When I had called Lance that morning and told him I was interested in buying a life insurance policy, he was polite but distracted. I could only imagine what he was doing. Probably downloading photos of Rebecca Romijn-Stamos on his desktop computer.
When I gave him my name, there was a long pause before Lance asked point blank, “You mean Jarrod ‘Baby, don’t even go there!’ Jarvis?”
“The one and only.”
After that, Lance and I were the best of friends. After briefing him on the current whereabouts of the rest of the cast, Lance eagerly asked me when I could come in to talk about a policy.
“I know you’re a busy man, Lance, so I don’t expect to get in today . . .”
“It just so happens I’ve had a cancellation. How about in a half hour, say ten o’clock?” I could hear him covering the mouthpiece of the phone and barking something to a secretary.
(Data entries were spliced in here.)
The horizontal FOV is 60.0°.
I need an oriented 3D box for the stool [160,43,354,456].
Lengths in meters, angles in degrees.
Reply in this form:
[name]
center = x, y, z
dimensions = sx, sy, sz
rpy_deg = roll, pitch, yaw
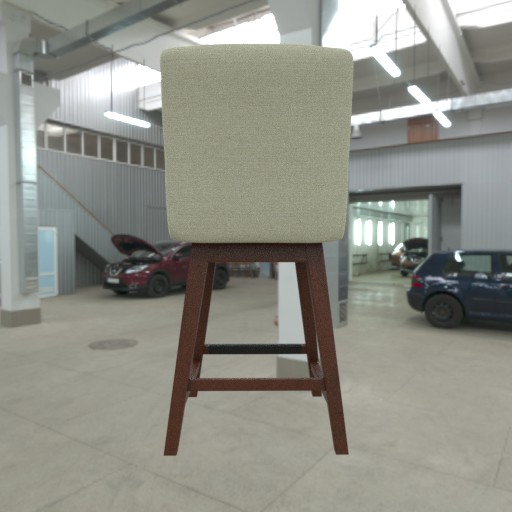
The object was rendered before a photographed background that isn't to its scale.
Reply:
[stool]
center = 0.000, 0.000, 1.289
dimensions = 0.469, 0.991, 0.559
rpy_deg = 0, 2, -1
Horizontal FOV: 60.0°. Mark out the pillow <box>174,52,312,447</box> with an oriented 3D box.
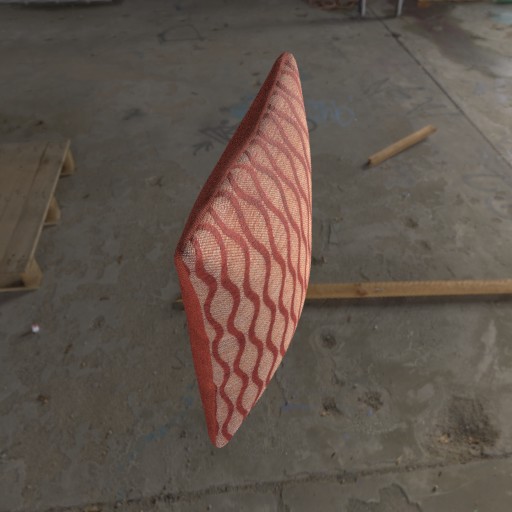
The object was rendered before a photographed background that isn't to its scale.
[{"bbox_3d":[0.000,0.000,0.657,0.159,0.434,0.429,10,47,9],"label":"pillow"}]
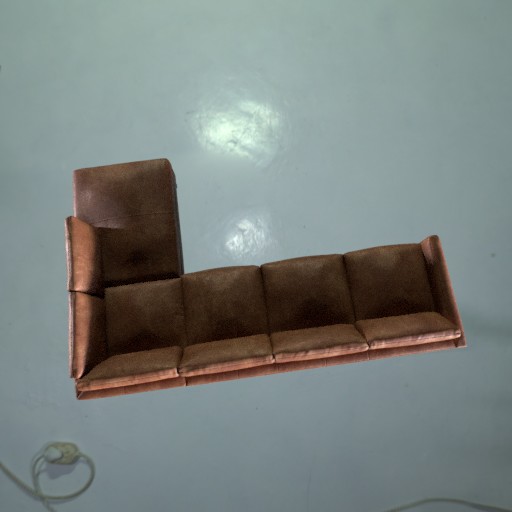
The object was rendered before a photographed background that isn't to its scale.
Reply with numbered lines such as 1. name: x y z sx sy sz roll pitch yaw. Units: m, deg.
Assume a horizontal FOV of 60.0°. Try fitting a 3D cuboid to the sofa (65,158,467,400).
1. sofa: 0.000 0.000 3.734 2.984 0.877 1.938 -8 76 -2
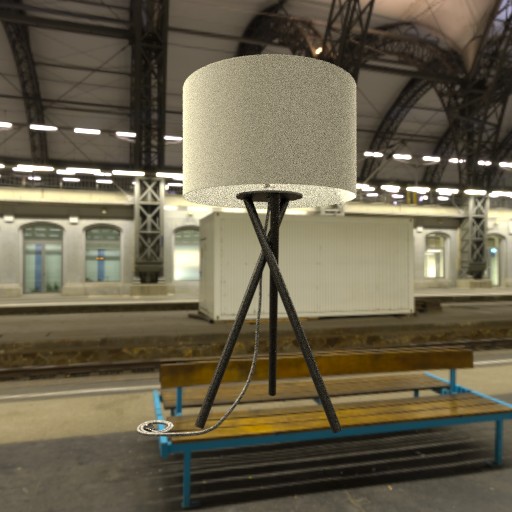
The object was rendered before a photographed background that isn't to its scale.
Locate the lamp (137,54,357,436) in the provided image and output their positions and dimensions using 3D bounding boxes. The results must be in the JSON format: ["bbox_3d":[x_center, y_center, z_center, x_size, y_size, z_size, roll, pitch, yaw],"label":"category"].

I presumed he was ordering her to cancel his ten o’clock. Lance was so anxious to meet me he cleared all his appointments before lunch in case I ran into traffic.
When I got to the Grand Future Insurance Company offices in Sherman Oaks, it was everything I imagined. A small four-room office on the second level of a strip mall. I assumed Tamara bought these policies for herself and her son long before she had figured out a workable way to marry loads of money. The offices were drab, the walls were peeling, and the desks were in desperate need of refinishing. A lethargic, frumpy receptionist, who clutched her Coffee Bean and Tea Leaf cup in one hand and chewed her nails on the other, glanced up at me.
“You here to see Lance?”
“Yes. He’s expecting me.”
“Now there’s one hell of an understatement.”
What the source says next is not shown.